Stage 5: new perception reached
I can’t stand these attributes of his > I don’t like him and don’t want to be with him

In breaking down these stages, we can see that Sophie’s processing and subsequent vilifying of Jamie is all based around a fear of loss. The mind constructs a new version of reality to replace the old view (I love Jamie and want to be with him) in order to protect her from feelings of pain and vulnerability. For many borderline sufferers, there is often a sixth stage which involves acting out on feelings (causing a row, getting into a fight, turning to self-harm/ drugs/ alcohol).

She explains:

“When I try to re-balance the thoughts and feelings, it’s just so hard to get back. To put it into perspective, imagine if I asked you to hate the person you loved the most. You’d find it impossible. That’s why you can’t just ‘think’ your way back.
The feelings seem to just generate negative thoughts and convinces me they are the truth. If I’m feeling depressed or numb, my mind can trick me into believing he is the source of my bad feelings.”

People with BPD can learn to catch these triggers and neutralise them before they snowball out of control but it’s a challenging process and takes hard work and dedication. One of the things I recommend is that people learn to communicate openly with their partners, in real time if they can. And whilst it might feel tough to start a type of conversation such as: Jamie, when you didn’t kiss me then, it made me feel that you don’t love me – the results can be profound in terms of deepening the connection and reaching a higher level of understanding.

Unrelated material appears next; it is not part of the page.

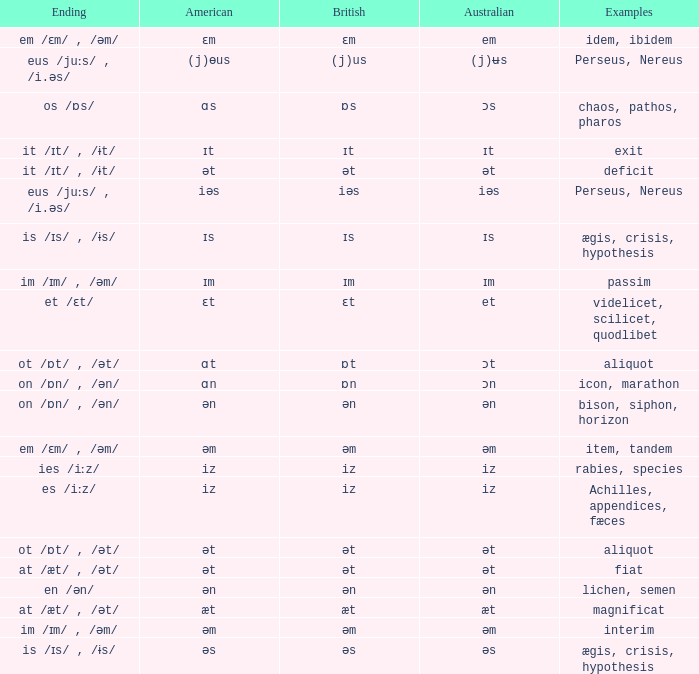Would you mind parsing the complete table? {'header': ['Ending', 'American', 'British', 'Australian', 'Examples'], 'rows': [['em /ɛm/ , /əm/', 'ɛm', 'ɛm', 'em', 'idem, ibidem'], ['eus /juːs/ , /i.əs/', '(j)ɵus', '(j)us', '(j)ʉs', 'Perseus, Nereus'], ['os /ɒs/', 'ɑs', 'ɒs', 'ɔs', 'chaos, pathos, pharos'], ['it /ɪt/ , /ɨt/', 'ɪt', 'ɪt', 'ɪt', 'exit'], ['it /ɪt/ , /ɨt/', 'ət', 'ət', 'ət', 'deficit'], ['eus /juːs/ , /i.əs/', 'iəs', 'iəs', 'iəs', 'Perseus, Nereus'], ['is /ɪs/ , /ɨs/', 'ɪs', 'ɪs', 'ɪs', 'ægis, crisis, hypothesis'], ['im /ɪm/ , /əm/', 'ɪm', 'ɪm', 'ɪm', 'passim'], ['et /ɛt/', 'ɛt', 'ɛt', 'et', 'videlicet, scilicet, quodlibet'], ['ot /ɒt/ , /ət/', 'ɑt', 'ɒt', 'ɔt', 'aliquot'], ['on /ɒn/ , /ən/', 'ɑn', 'ɒn', 'ɔn', 'icon, marathon'], ['on /ɒn/ , /ən/', 'ən', 'ən', 'ən', 'bison, siphon, horizon'], ['em /ɛm/ , /əm/', 'əm', 'əm', 'əm', 'item, tandem'], ['ies /iːz/', 'iz', 'iz', 'iz', 'rabies, species'], ['es /iːz/', 'iz', 'iz', 'iz', 'Achilles, appendices, fæces'], ['ot /ɒt/ , /ət/', 'ət', 'ət', 'ət', 'aliquot'], ['at /æt/ , /ət/', 'ət', 'ət', 'ət', 'fiat'], ['en /ən/', 'ən', 'ən', 'ən', 'lichen, semen'], ['at /æt/ , /ət/', 'æt', 'æt', 'æt', 'magnificat'], ['im /ɪm/ , /əm/', 'əm', 'əm', 'əm', 'interim'], ['is /ɪs/ , /ɨs/', 'əs', 'əs', 'əs', 'ægis, crisis, hypothesis']]} Which Australian has British of ɒs? Ɔs. 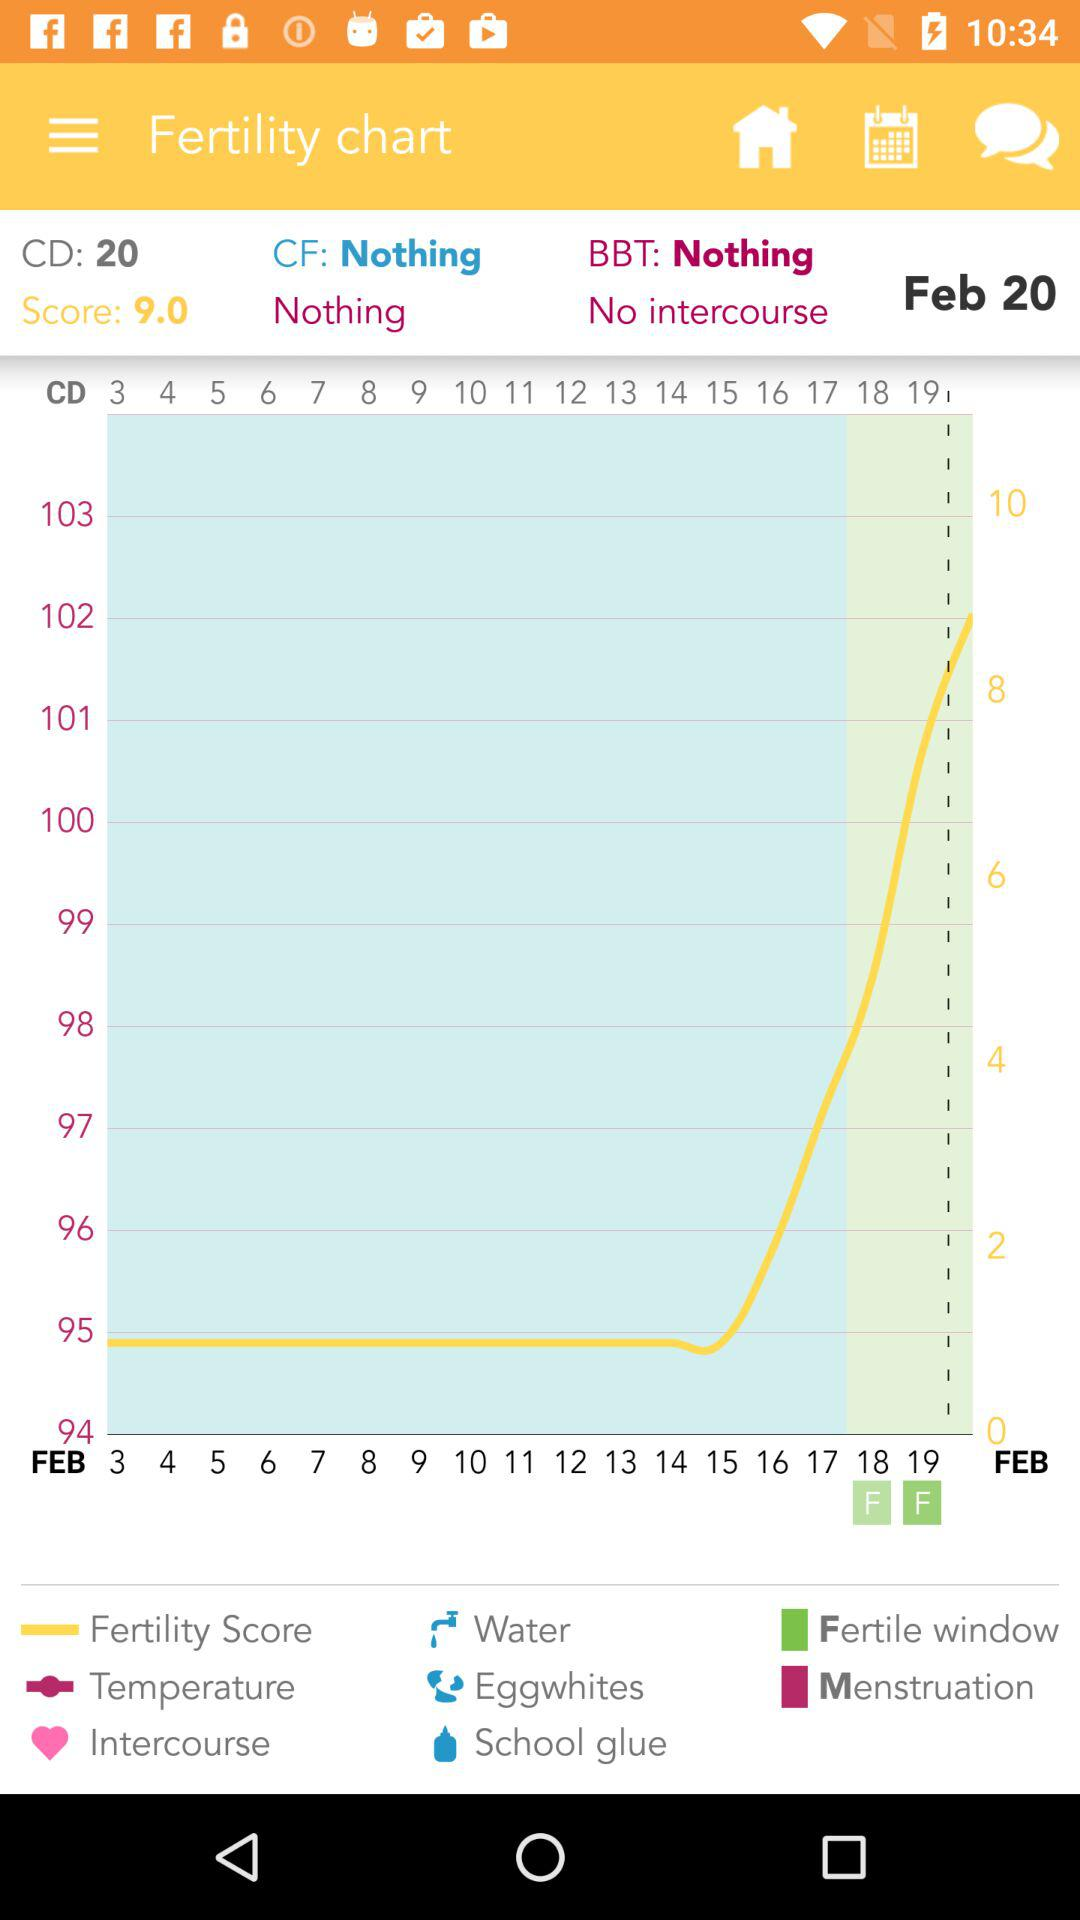What month is it? The month is February.

The other key area for overcoming BPD is to learn to sit with the negative feelings without acting out. For someone with BPD, stage 6 can feel almost compulsive – to get relief from the bad feeling – but in reality this doesn’t actually help. Sitting with the emotional pain and distress can feel overwhelming but paradoxically this is where emotional growth and resilience comes from.

So for the ill-informed out there who view people with BPD as stroppy, irrational and ‘crazy’ perhaps try to exercise a little compassion and understanding as to what drives people’s behaviour. Behind every angry outburst lies a deeper pain or a need for protection.